We used the same GLMM as in Experiment 1 to test whether there was a compatibility effect in these two versions of the Half task, including task version (rewarded or unrewarded correct no-responses), trial number and task order as additional fixed effects. When we compared this model with a model lacking the predictors, we found that the likelihood of success was influenced by the trial compatibility (χ2 = 10.816, df = 2, p = 0.004, see Table 2 and Fig. 3). Specifically, subjects were more likely to succeed in compatible trials than in incompatible trials (estimate ± se = − 1.116 ± 0.301, χ2 = 7.19, df = 1, p = 0.007). Additionally, the compatibility effect seemed to be stronger in the version of the task in which subjects were not rewarded for correct no-responses (see Fig. 3). Nevertheless, neither the interaction between compatibility and task version (estimate ± se = 0.608 ± 0.314, χ2 = 3.74, df = 1, p = 0.053) nor the main effect of task version (estimate ± se = − 0.492 ± 0.239, χ2 = 1.21, df = 1, p = 0.271) were significant. Finally, there was a significant effect of trial number (estimate ± se = − 0.492 ± 0.239, χ2 = 9.217, df = 1, p = 0.002), meaning that subjects improved their performance through the session.

Table 2 Experiment 2: GLMM of proportion of correct trials in the Half task predicted by compatibility.

Discussion

While brown capuchin monkeys showed a compatibility effect in a computer-based Joint Simon task, as they did in a manual version of the task18, their behavior in the updated control conditions (Half and Social facilitation tasks) challenges the interpretation of this as a social phenomenon. In Experiment 1, as has been found previously, the compatibility effect appeared only when subjects played together in the same computer, but not when their partner was not present, or present but not engaged in the task, which has been traditionally interpreted as evidence of action co-representation. Nevertheless, after we ensured that subjects understood the control task by training them on a Go-No Go (GNG) paradigm (Experiment 2), we observed the same compatibility effect in the control Half task, arguing against a social account of the compatibility effect in the Joint Simon task. Importantly, previous research with non-human primates shares the same limitation as our Experiment 1, suggesting the need for re-examination of previous claims of action co-representation in non-human primates. We discuss each of these findings in more detail below.

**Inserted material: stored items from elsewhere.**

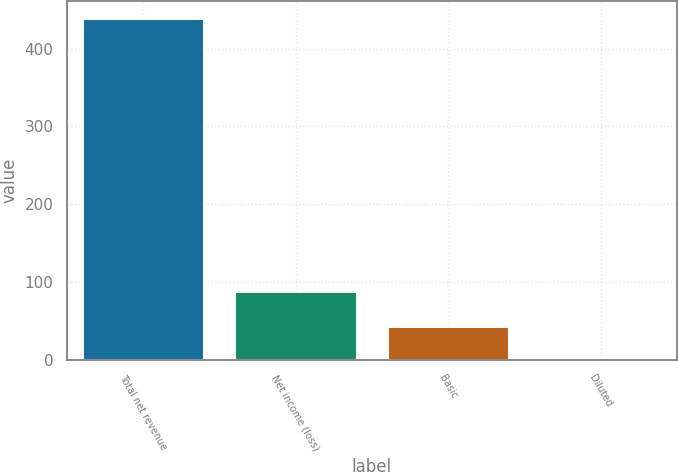Convert chart to OTSL. <chart><loc_0><loc_0><loc_500><loc_500><bar_chart><fcel>Total net revenue<fcel>Net income (loss)<fcel>Basic<fcel>Diluted<nl><fcel>439<fcel>89<fcel>44.17<fcel>0.3<nl></chart> 
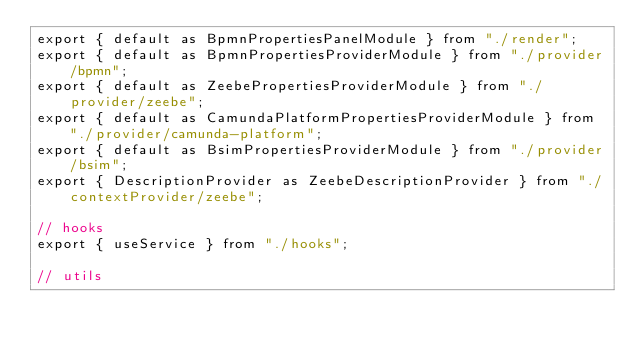Convert code to text. <code><loc_0><loc_0><loc_500><loc_500><_JavaScript_>export { default as BpmnPropertiesPanelModule } from "./render";
export { default as BpmnPropertiesProviderModule } from "./provider/bpmn";
export { default as ZeebePropertiesProviderModule } from "./provider/zeebe";
export { default as CamundaPlatformPropertiesProviderModule } from "./provider/camunda-platform";
export { default as BsimPropertiesProviderModule } from "./provider/bsim";
export { DescriptionProvider as ZeebeDescriptionProvider } from "./contextProvider/zeebe";

// hooks
export { useService } from "./hooks";

// utils
</code> 
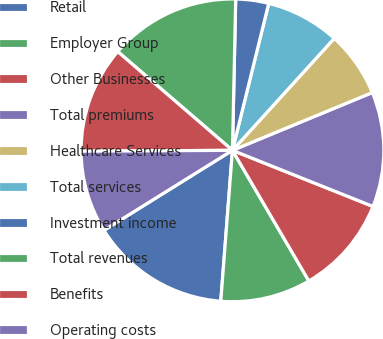Convert chart to OTSL. <chart><loc_0><loc_0><loc_500><loc_500><pie_chart><fcel>Retail<fcel>Employer Group<fcel>Other Businesses<fcel>Total premiums<fcel>Healthcare Services<fcel>Total services<fcel>Investment income<fcel>Total revenues<fcel>Benefits<fcel>Operating costs<nl><fcel>14.91%<fcel>9.65%<fcel>10.53%<fcel>12.28%<fcel>7.02%<fcel>7.89%<fcel>3.51%<fcel>14.03%<fcel>11.4%<fcel>8.77%<nl></chart> 
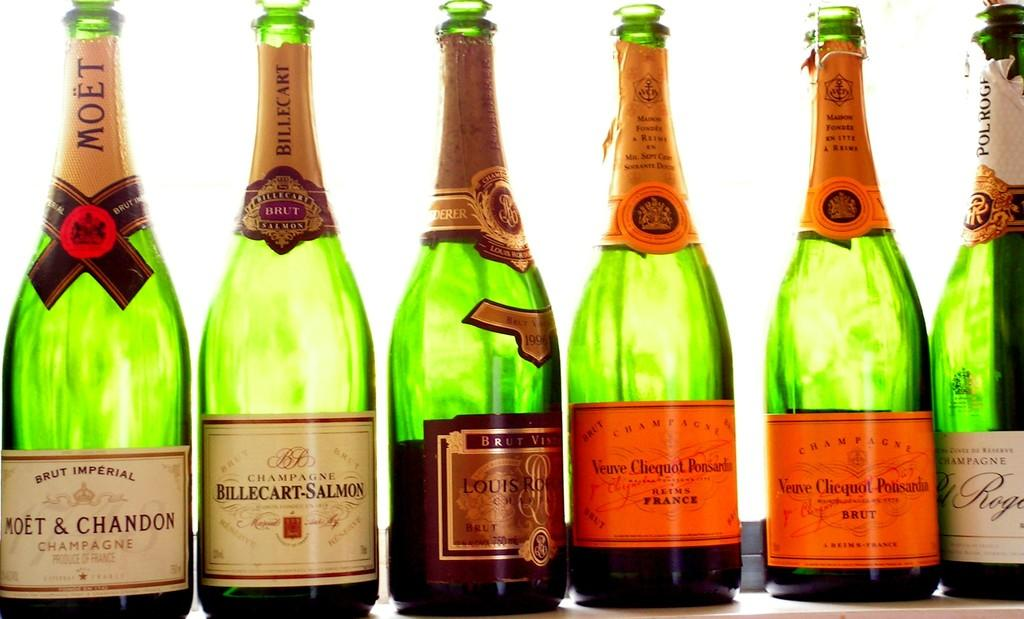<image>
Render a clear and concise summary of the photo. Six bottles of chmpagne with Moet & Chandon on the left.

In Experiment 1 we found that the presence of a compatibility effect depended on the condition. That is, monkeys succeeded more in compatible (stimulus target and correct response are in the same side) vs incompatible trials (stimulus target and correct responses are in opposite sides), but this effect was present only in the solo Simon task, in which they were responsible for the whole task, and in the Joint Simon task, in which one individual was responsible for half of the task while their partner was responsible for the other half. We did not find a compatibility effect in the conditions in which subjects performed only half of the task without a partner (Half task), or with a partner present but not engaged in the task (Social facilitation task). This pattern has been argued to be evidence of action co-representation of their own and their partner’s part of the task12. However, this claim must be supported by showing that the compatibility effect disappears when the partner is removed. Consequently, the Half task is crucial in interpreting the results, and most of the debate about whether the compatibility effect in the Joint Simon task is a social phenomenon revolves around this task32. However, in order for the control (Half task) to be valid, it is necessary that the subject understands the contingencies of the task. Based on the inspection of the data of Experiment 1, we realized that this might not be the case, raising doubt about its validity as a control condition.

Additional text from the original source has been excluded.